The energy and mobility sector, as a typical field where NDT is used, is currently undergoing massive change. Novel materials and composites, as well as components with optimized properties, are constantly being introduced. New manufacturing processes, such as additive manufacturing, are rapidly evolving. This results in changes in the material behavior, special characteristics, new types of defects and increased demands concerning the testability using non-destructive methods.
Fraunhofer IKTS is therefore working diligently on adapting existing test procedures and methods. Well-known methods are improved through new electronic equipment and sensor concepts, and continuously developed further with a view to robot-aided testing – exemplified prominently by the PCUS® series of ultrasonic test devices. Another approach is the combination of several established methods with the aim of improving the yield of information thanks to data fusion.
The development of completely new methods is yet another avenue of research. The HUGO ultrasonic goniometer is an example. Using the newly developed goniometer method, it becomes possible to greatly increase the measuring sensitivity of the test system, allowing to determine material properties, such as solidification or stresses, with high accuracy.
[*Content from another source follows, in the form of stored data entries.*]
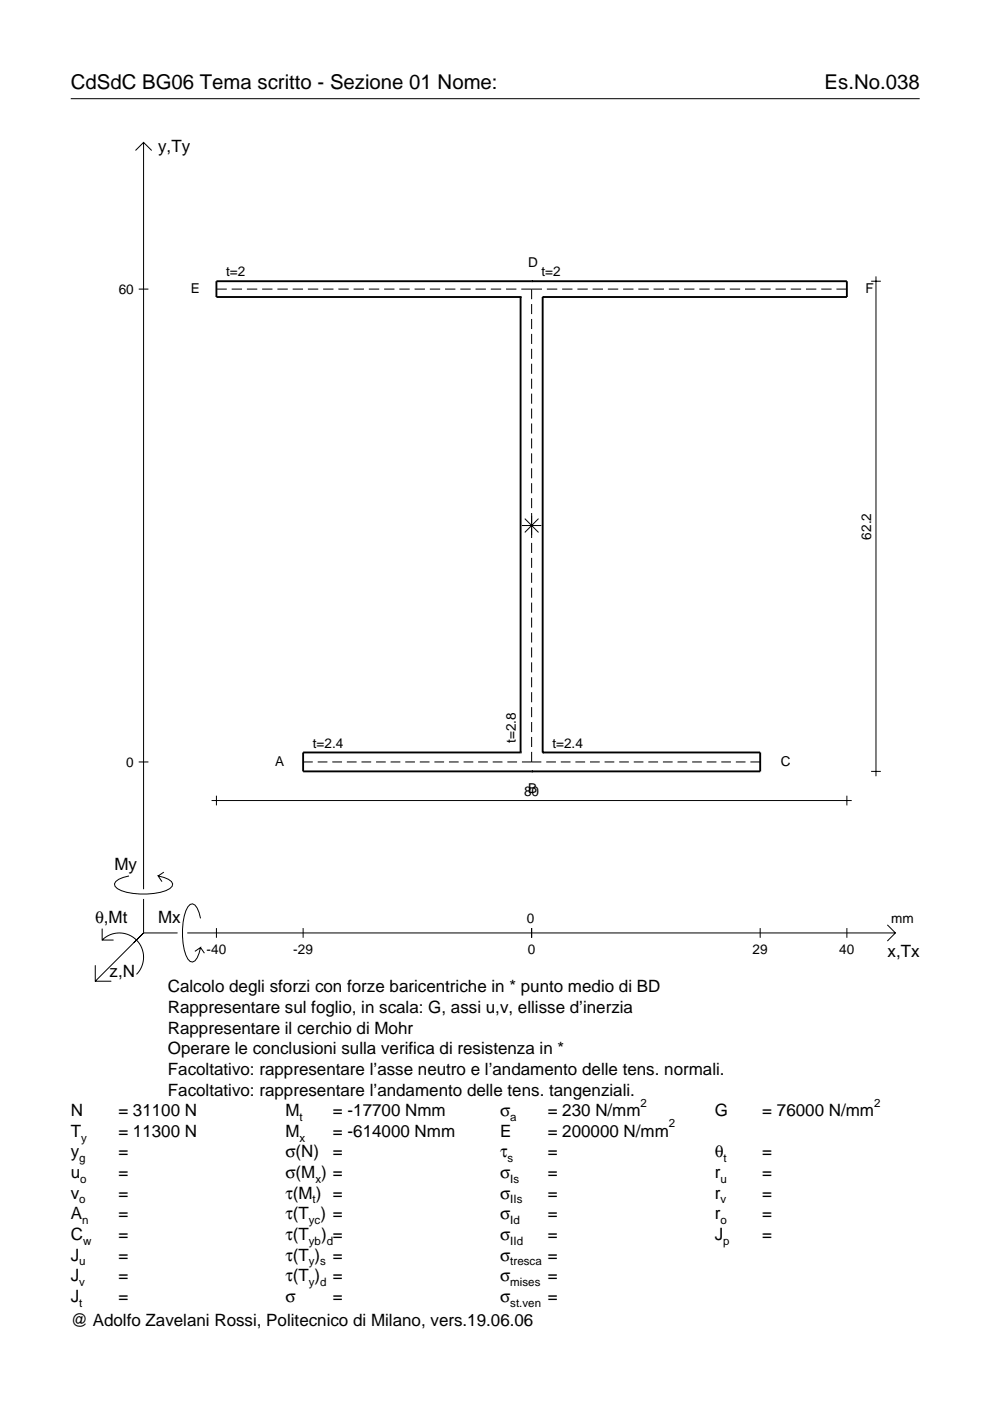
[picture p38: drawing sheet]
<svg xmlns="http://www.w3.org/2000/svg" width="210mm" height="297mm" viewBox="0 0 210 297" stroke-linecap="round" stroke-linejoin="round" font-family="sans-serif">
<defs><g id="words">
<g font-size="4.3">
<text x="15" y="18.9">CdSdC BG06 Tema scritto - Sezione 01 Nome:</text>
<text x="174.8" y="18.9">Es.No.038</text>
</g>
<g font-size="3.6">
<text x="33.5" y="32.3">y,Ty</text>
<text x="24.3" y="184.4">My</text>
<text x="20.1" y="195.7">θ,Mt</text>
<text x="33.5" y="195.7">Mx</text>
<text x="188.2" y="203">x,Tx</text>
<text x="23.2" y="207.1">z,N</text>
<text x="35.6" y="210.4">Calcolo degli sforzi con forze baricentriche in * punto medio di BD</text>
<text x="35.6" y="214.8">Rappresentare sul foglio, in scala: G, assi u,v, ellisse d’inerzia</text>
<text x="35.6" y="219.2">Rappresentare il cerchio di Mohr</text>
<text x="35.6" y="223.5">Operare le conclusioni sulla verifica di resistenza in *</text>
<text x="35.6" y="227.9">Facoltativo: rappresentare l’asse neutro e l’andamento delle tens. normali.</text>
<text x="35.6" y="232.3">Facoltativo: rappresentare l’andamento delle tens. tangenziali.</text>
<text x="15" y="236.7">N</text>
<text x="25.1" y="236.7">= 31100 N</text>
<text x="60.5" y="236.7">M</text>
<text x="70.6" y="236.7">= -17700 Nmm</text>
<text x="106" y="236.7">σ</text>
<text x="116.1" y="236.7">= 230 N/mm</text>
<text x="151.5" y="236.7">G</text>
<text x="161.6" y="236.7">= 76000 N/mm</text>
<text x="15" y="241">T</text>
<text x="15" y="245.4">y</text>
<text x="25.1" y="241">= 11300 N</text>
<text x="25.1" y="245.4">=</text>
<text x="60.5" y="241">M</text>
<text x="60.5" y="245.4">σ(N)</text>
<text x="70.6" y="241">= -614000 Nmm</text>
<text x="70.6" y="245.4">=</text>
<text x="106" y="241">E</text>
<text x="106" y="245.4">τ</text>
<text x="116.1" y="241">= 200000 N/mm</text>
<text x="116.1" y="245.4">=</text>
<text x="151.5" y="245.4">θ</text>
<text x="161.6" y="245.4">=</text>
<text x="15" y="249.8">u</text>
<text x="25.1" y="249.8">=</text>
<text x="60.5" y="249.8">σ(M ) =</text>
<text x="106" y="249.8">σ</text>
<text x="116.1" y="249.8">=</text>
<text x="151.5" y="249.8">r</text>
<text x="161.6" y="249.8">=</text>
<text x="15" y="254.2">v</text>
<text x="25.1" y="254.2">=</text>
<text x="60.5" y="254.2">τ(M ) =</text>
<text x="106" y="254.2">σ</text>
<text x="116.1" y="254.2">=</text>
<text x="151.5" y="254.2">r</text>
<text x="161.6" y="254.2">=</text>
<text x="15" y="258.5">A</text>
<text x="15" y="262.9">C</text>
<text x="25.1" y="262.9">=</text>
<text x="25.1" y="258.5">=</text>
<text x="60.5" y="262.9">τ(T</text>
<text x="60.5" y="258.5">τ(T ) =</text>
<text x="68.1" y="262.9">) =</text>
<text x="106" y="258.5">σ</text>
<text x="106" y="262.9">σ</text>
<text x="116.1" y="258.5">=</text>
<text x="116.1" y="262.9">=</text>
<text x="151.5" y="258.5">r</text>
<text x="151.5" y="262.9">J</text>
<text x="161.6" y="258.5">=</text>
<text x="161.6" y="262.9">=</text>
<text x="15" y="267.3">J</text>
<text x="25.1" y="267.3">=</text>
<text x="60.5" y="267.3">τ(T )</text>
<text x="70.6" y="267.3">=</text>
<text x="106" y="267.3">σ</text>
<text x="116.1" y="267.3">=</text>
<text x="15" y="271.7">J</text>
<text x="25.1" y="271.7">=</text>
<text x="60.5" y="271.7">τ(T )</text>
<text x="70.6" y="271.7">=</text>
<text x="106" y="271.7">σ</text>
<text x="116.1" y="271.7">=</text>
<text x="15" y="281.2">@ Adolfo Zavelani Rossi, Politecnico di Milano, vers.19.06.06</text>
<text x="15" y="276">J</text>
<text x="25.1" y="276">=</text>
<text x="60.5" y="276">σ</text>
<text x="70.6" y="276">=</text>
<text x="106" y="276">σ</text>
<text x="116.1" y="276">=</text>
</g>
<g font-size="2.9">
<text x="47.9" y="58.6">t=2</text>
<text x="112" y="56.6">D</text>
<text x="114.8" y="58.6">t=2</text>
<text x="25.2" y="62.3">60</text>
<text x="40.4" y="62.2">E</text>
<text x="183.5" y="62.2">F</text>
<text x="184.7" y="114.4" transform="rotate(-90 184.7 114.4)">62.2</text>
<text x="66.3" y="158.5">t=2.4</text>
<text x="109.3" y="157.5" transform="rotate(-90 109.3 157.5)">t=2.8</text>
<text x="117.1" y="158.5">t=2.4</text>
<text x="26.8" y="162.6">0</text>
<text x="58.3" y="162.5">A</text>
<text x="165.6" y="162.5">C</text>
<text x="111.1" y="168.7">80</text>
<text x="112" y="168.1">B</text>
<text x="111.7" y="195.7">0</text>
<text x="189" y="195.7">mm</text>
<text x="43.8" y="202.2">-40</text>
<text x="62.2" y="202.2">-29</text>
<text x="111.9" y="202.2">0</text>
<text x="159.6" y="202.2">29</text>
<text x="178" y="202.2">40</text>
</g>
<g font-size="2.4">
<text x="63.5" y="237.7">t</text>
<text x="108.2" y="237.7">a</text>
<text x="135.8" y="234.7">2</text>
<text x="141.8" y="239">2</text>
<text x="185.3" y="234.7">2</text>
<text x="17.2" y="242">y</text>
<text x="63.5" y="242">x</text>
<text x="16.8" y="246.4">g</text>
<text x="17" y="250.8">o</text>
<text x="66.9" y="250.8">x</text>
<text x="107.6" y="246.4">s</text>
<text x="108.2" y="250.8">Is</text>
<text x="152.7" y="250.8">u</text>
<text x="153.4" y="246.4">t</text>
<text x="16.8" y="255.2">o</text>
<text x="66.3" y="255.2">t</text>
<text x="108.2" y="255.2">IIs</text>
<text x="152.7" y="255.2">v</text>
<text x="17.4" y="259.5">n</text>
<text x="17.6" y="263.9">w</text>
<text x="65.5" y="263.9">yb d</text>
<text x="65.5" y="259.5">yc</text>
<text x="108.2" y="259.5">Id</text>
<text x="108.2" y="263.9">IId</text>
<text x="152.7" y="259.5">o</text>
<text x="153.3" y="263.9">p</text>
<text x="16.8" y="268.3">u</text>
<text x="65.5" y="268.3">y s</text>
<text x="108.2" y="268.3">tresca</text>
<text x="16.8" y="272.7">v</text>
<text x="65.5" y="272.7">y d</text>
<text x="108.2" y="272.7">mises</text>
<text x="16.8" y="277">t</text>
<text x="108.2" y="277">st.ven</text>
</g>
</g></defs>
<g fill="none" stroke="#000" stroke-width=".21">
<path d="M15 20.9h180M28.7 31.9l1.7-1.7 1.8 1.7M30.4 30.2v158.3M184.7 59.6h2.1M185.7 58.6v106M29.4 61.3h2.1M45.9 61.3h2.2M49.1 61.3h2.2M52.3 61.3h2.2M55.6 61.3h2.2M58.8 61.3h2.2M62 61.3h2.2"/>
<path d="M65.3 61.3h2.2M68.5 61.3h2.2M71.7 61.3h2.2M75 61.3h2.2M78.2 61.3h2.2M81.4 61.3h2.2M84.7 61.3h2.2M87.9 61.3h2.2M91.1 61.3h2.2M94.4 61.3h2.2M97.6 61.3h2.2M100.8 61.3h2.2"/>
<path d="M104.1 61.3h2.2M107.3 61.3h2.2M110.5 61.3h4.4M112.7 61.3v2.1M112.7 64.5v2.1M112.7 67.6v2.2M112.7 70.8v2.1M112.7 74v2.1M112.7 77.1v2.2M115.9 61.3h2.3M119.2 61.3h2.2M122.4 61.3h2.2"/>
<path d="M125.6 61.3h2.2M128.9 61.3h2.2M132.1 61.3h2.2M135.3 61.3h2.2M138.6 61.3h2.2M141.8 61.3h2.2M145 61.3h2.2M148.3 61.3h2.2M151.5 61.3h2.2M154.7 61.3h2.2M158 61.3h2.2M161.2 61.3h2.2"/>
<path d="M164.4 61.3h2.2M167.7 61.3h2.2M170.9 61.3h2.2M174.1 61.3h2.2M177.3 61.3h2.3M112.7 80.3v2.1M112.7 83.5v2.1M112.7 86.6v2.2M112.7 89.8v2.1M112.7 92.9v2.2M112.7 96.1v2.2M112.7 99.3v2.1"/>
<path d="M110.7 111.4h4.1M111.3 110l2.9 2.9M112.7 102.4v2.2M112.7 105.6v2.1M112.7 108.8v5.3M112.7 115.1v2.1M112.7 118.3v2.1M114.2 110l-2.9 2.9M112.7 121.4v2.2M112.7 124.6v2.1M112.7 127.8v2.1M112.7 130.9v2.2"/>
<path d="M112.7 134.1v2.1M112.7 137.3v2.1M112.7 140.4v2.2M112.7 143.6v2.1M112.7 146.8v2.1M112.7 149.9v2.2M112.7 153.1v2.1M112.7 156.3v2.1M112.7 159.4v2.2M29.4 161.6h2.1M44.9 169.7h135.7M45.9 168.7v2.1"/>
<path d="M64.3 161.6h2M67.4 161.6h2M70.4 161.6h2.1M73.5 161.6h2.1M76.6 161.6h2.1M79.7 161.6h2.1M82.8 161.6h2.1M85.9 161.6h2.1M89 161.6h2.1M92.1 161.6h2.1M95.2 161.6h2.1M98.3 161.6h2"/>
<path d="M101.4 161.6h2M104.5 161.6h2M107.6 161.6h2M110.7 161.6h4.1M115.8 161.6h2.1M118.9 161.6h2.1M122 161.6h2.1M125.1 161.6h2.1M128.2 161.6h2M131.3 161.6h2M134.4 161.6h2M137.5 161.6h2"/>
<path d="M140.6 161.6h2M143.6 161.6h2.1M146.7 161.6h2.1M149.8 161.6h2.1M152.9 161.6h2.1M156 161.6h2.1M159.1 161.6h2.1M179.6 168.7v2.1M184.7 163.6h2.1M21.7 199.3a5.1 5.1 0 0 1 7.2 0 5.1 5.1 0 0 1 0 7.3M21.7 196.9v2.4h2.4M27.3 185.7a3.6 3.6 0 0 0-3 1.7l.1 .5a5.6 5.6 0 0 0 3.8 1.5 13.4 13.4 0 0 0 7.8-1l.5-.5 .1-.5a3.6 3.6 0 0 0-3.1-1.7l.8 1.2"/>
<path d="M30.4 190.6v7.2M30.4 197.8l-10.2 10.2M30.4 197.8h7.2M34.7 184.9l-1.2 .8M39.7 197.8h150.1M42.5 194.7a3.6 3.6 0 0 0-1.7-3.1l-.5 .2a5.7 5.7 0 0 0-1.5 3.7 13.3 13.3 0 0 0 1 7.9l.5 .5 .5 .1a3.6 3.6 0 0 0 1.7-3.1l-1.2 .8M45.9 196.8v2M64.3 196.8v2M112.7 196.8v2M161.2 196.8v2M179.6 196.8v2M188.1 196.1l1.7 1.7-1.7 1.7"/>
<path d="M20.2 204.7v3.3h3.4M42.5 200.9l.8 1.2"/>
</g>
<path d="M112.7 59.6h.1M110.4 63h.1M110.4 63v96.5M110.4 63h-64.5v-3.4h133.7v3.4h-64.5M115.1 63h.1M115.1 63v96.5M110.4 159.5h.1M110.4 159.5h-46.1v4.1h96.9v-4.1h-46.1M115.1 159.5h.1M112.7 163.6h.1" fill="none" stroke="#000" stroke-width=".4"/>
<use href="#words"/>
</svg>

A third strategy is based on the use of augmented reality solutions and exoskeletons to support manual test tasks. Production data are directly integrated within the AR applications, which decreases error rates in production and increases productivity.
The continuous monitoring of critical component parameters is paramount for operating individual manufacturing steps or complete processes efficiently within tight tolerances and without errors. In this regard, the sensors offered by IKTS can not only be installed at the machinery, it is also possible to integrate them directly in components or carry them along through processes.
Through their direct interaction between signal and material, NDT methods are an outstanding solution to gaining information on stiffness, structure or freedom from defects. In conjunction with machine and ambient parameters, this information allows, first of all, for regulation on the machine level. If data are then combined on the process or factory levels, it becomes possible to optimize production processes with regard to output, cost and energy consumption. In detail, this requires that data rates of the sensor signals and a possible pre-treatment (edge processing) of the signals be taken into consideration as well.
Fraunhofer IKTS has unique experience in the field of acoustic monitoring. Filtering and arithmetic transformations are decisive steps to be performed before assessment or classification with methods of machine learning.
Critical elements of energy, building and traffic infrastructure, such as wind power plants, bridges, railway lines, trains or airplanes need to be monitored regularly and maintained depending on their state or condition. Difficult accessibility, great distances and harsh environmental conditions impair an accurate assessment. Also, the need for staff leads to high costs.
As an alternative approach, Fraunhofer IKTS develops meth-ods and systems for the permanent condition monitoring based on active and passive acoustic methods. It involves the integration of particularly robust, durable and reliable sensors and electronic parts into the components. Ideally, they remain there throughout the whole service life of the component, regularly supplying data on the component’s or system’s condition at defined intervals. Aspects of energy supply or self-sufficiency, data retrieval and secure transmission are also taken into account. This innovative approach is able to cover various cost-benefit scenarios from the perspective of the different players in the value chain.